Winter must have presented the Palace of Minos with as much of a heating problem as its architecture solved the lighting problem. The wind would have swept through the open palace, increasing the chill factor, unless the openings were blocked. The door openings must have been provided with doors of wood or bronze, as in later Classical times. The Town Mosaic, a depiction of houses on faience found at Knossos, shows windows with cross-members and four panes, suggesting that some translucent substance was used to block the openings. There is no sign of glass panes.
No central heating is in evidence. The rooms must have been heated individually. Fixed hearths were used to some degree but there is long tradition of portable ceramic hearths as well. The Minoans never made the transition from a portable hearth to a closed metal stove, which would have been technologically within their grasp and are much more efficient radiators.
Fires within the palace were for the most part of charcoal, probably lit with olive oil, in hearths or braziers. The tall drafty rooms, probably with smoke openings at the top (the roofs did not survive), were designed to keep the smoke away from the humans and evacuate it as quickly as possible. The palace undoubtedly reeked of smoke within and gave a pillar of it without. Odor issues would have been mitigated with incense and perfumed unguents kept in pyxes.
The emphasis of palace civilizations in colder climes on home production of textiles is understandable. The open vests of the women and the loin cloths of the nearly nude men could only have been summer attire. No frescos of snow-clad mountains and frosty plains are in evidence, such as appear in Crete in the winter. Over such a length of time, no perishables, such as boots or winter robes, have survived, but the frescos cannot depict year-round ordinary life in Crete.
The palace also includes the Minoan Column, a structure notably different from other Greek columns. Unlike the stone columns characteristic of other Greek architecture, the Minoan column was constructed from the trunk of a cypress tree, common to the Mediterranean. While most Greek columns are smaller at the top and wider at the bottom to create the illusion of greater height, the Minoan columns are smaller at the bottom and wider at the top, a result of inverting the cypress trunk to prevent sprouting once in place. The columns at the Palace of Minos were painted red and mounted on stone bases with round, pillow-like capitals.
Frescoes decorated the walls. As the remains were only fragments, fresco reconstruction and placement by the artist Piet de Jong is not without controversy. These sophisticated, colorful paintings portray a society which, in comparison to the roughly contemporaneous art of Middle and New Kingdom Egypt, was either conspicuously non-militaristic or did not choose to portray military themes anywhere in their art. (See Minoan civilisation) One remarkable feature of their art is the colour-coding of the sexes: the men are depicted with ruddy skin, the women as milky white. Almost all their pictures are of young or ageless adults, with few children or elders depicted. In addition to scenes of men and women linked to activities such as fishing and flower gathering, the murals also portray athletic feats. The most notable of these is bull-leaping, in which an athlete grasps the bull's horns and vaults over the animal's back. The question remains as to whether this activity was a religious ritual, possibly a sacrificial activity, or a sport, perhaps a form of bullfighting. Many people have questioned if this activity is even possible; the fresco might represent a mythological dance with the Great Bull. The most famous example is the Toreador Fresco, painted around 1550-1450 BC, in which a young man, flanked by two women, apparently leaps onto and over a charging bull's back. It is now located in the Archaeological Museum of Herakleion in Crete.

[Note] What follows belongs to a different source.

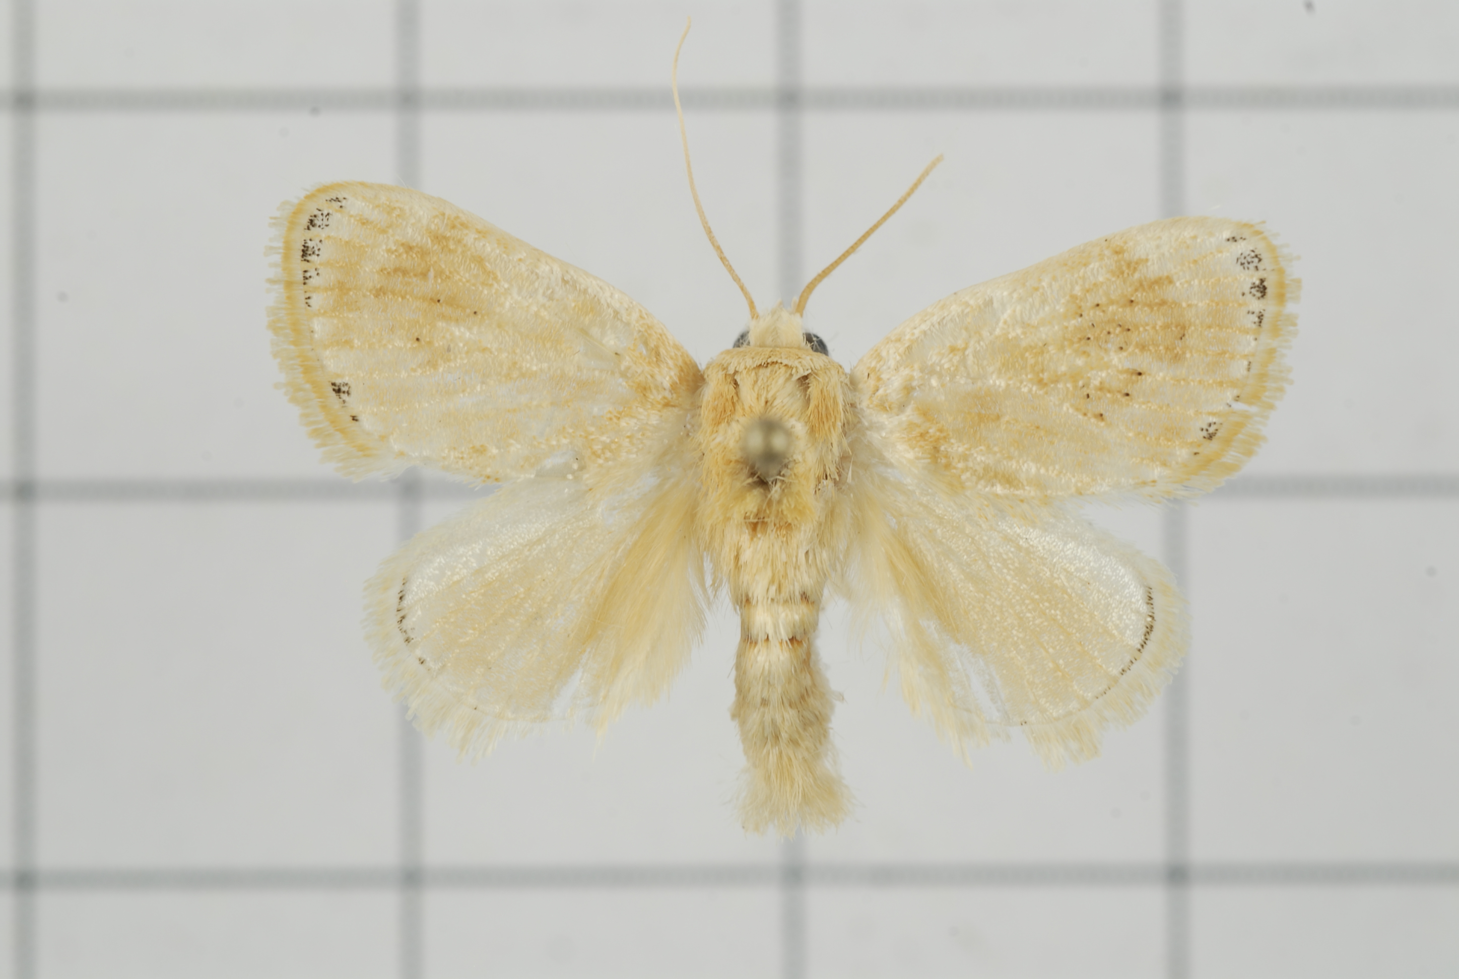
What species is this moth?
Quasinarosa fulgens

The centerpiece of the "Mycenaean" palace was the so-called Throne Room or Little Throne Room, dated to LM II. This chamber has an alabaster seat identified by Evans as a "throne" built into the north wall. On three sides of the room are gypsum benches. A sort of tub area is opposite the throne, behind the benches, termed a lustral basin, meaning that Evans and his team saw it as a place for ceremonial purification.

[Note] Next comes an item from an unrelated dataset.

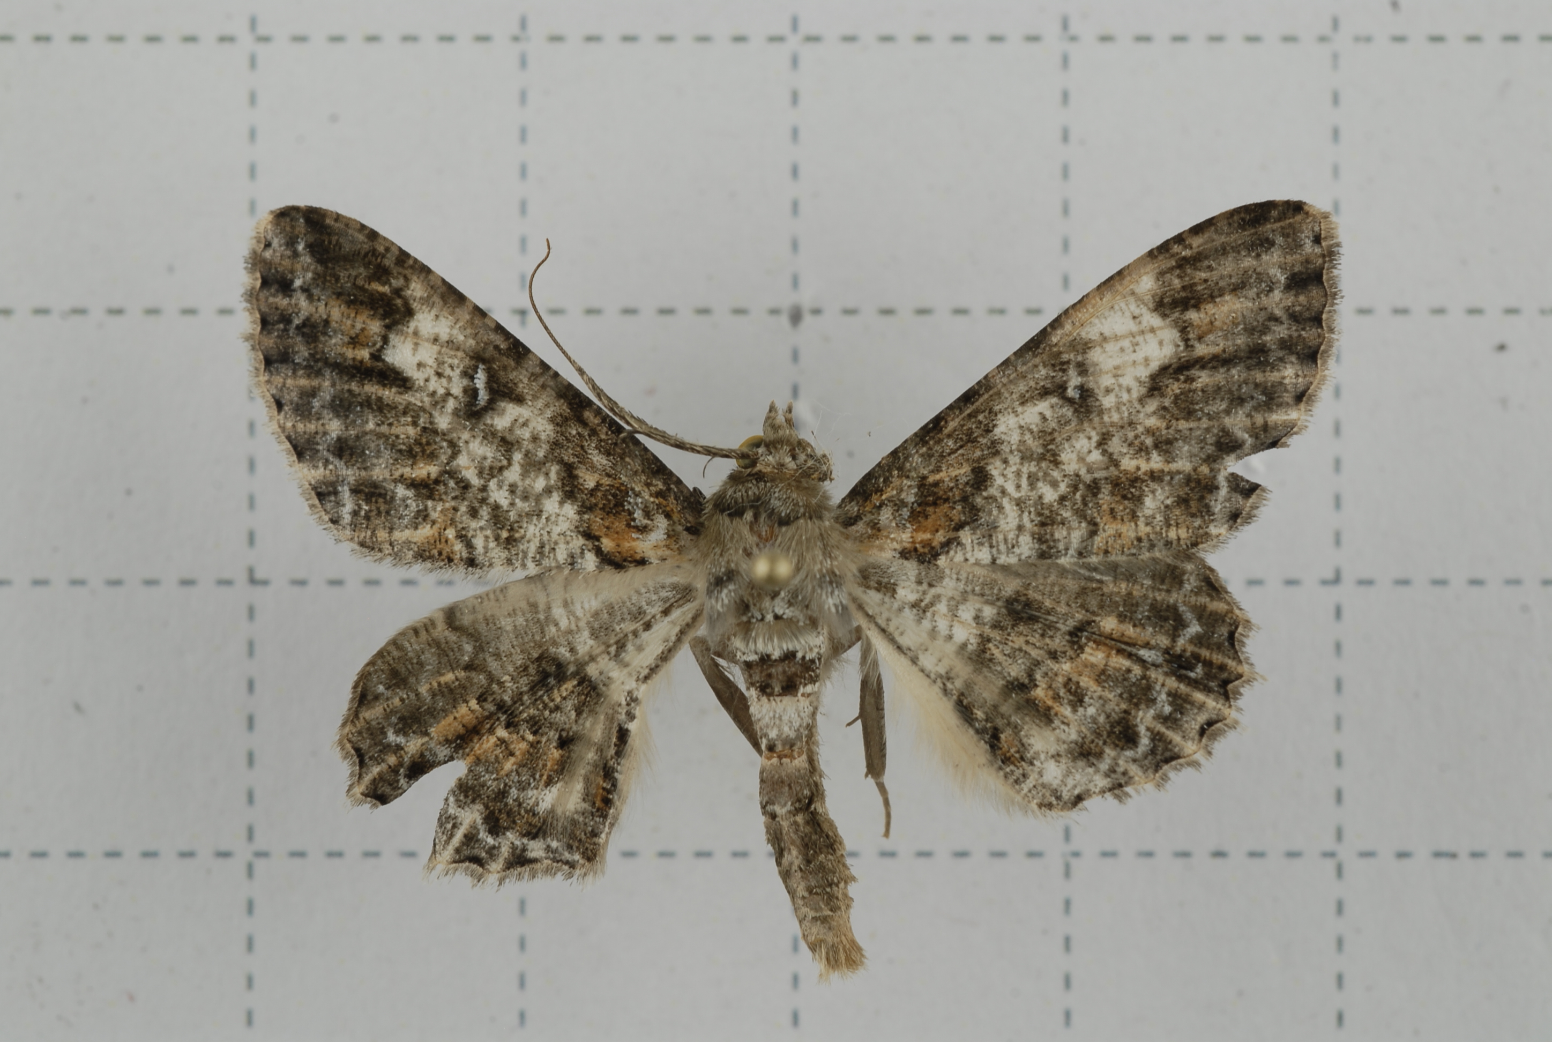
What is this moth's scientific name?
Cleora fraterna

The room was accessed from an anteroom through two double doors. The anteroom in turn connected to the central court, which was four broad steps up through four doors. The anteroom had gypsum benches also, with carbonized remains between two of them thought to be a possible wooden throne. Both rooms are located in the ceremonial complex on the west of the central court.
The throne is flanked by the Griffin Fresco, with two griffins couchant (lying down) facing the throne, one on either side. Griffins were important mythological creatures, also appearing on seal rings, which were used to stamp the identity of the bearer into pliable material, such as clay or wax.
The actual use of the room and the throne is unclear. The two main theories are:
- The seat of a priest-king or his consort, the queen. This is the older theory, originating with Evans. In that regard Matz speaks of the "heraldic arrangement" of the griffins, meaning that they are more formal and monumental than previous Minoan decorative styles. In this theory, the Mycenaean Greeks would have held court in this room, as they came to power in Knossos at about 1450. The "lustral basin" and the location of the room in a sanctuary complex cannot be ignored; hence, "priest-king."
- A room reserved for the epiphany of a goddess, who would have sat in the throne, either in effigy, or in the person of a priestess, or in imagination only. In that case the griffins would have been purely a symbol of divinity rather than a heraldic motif.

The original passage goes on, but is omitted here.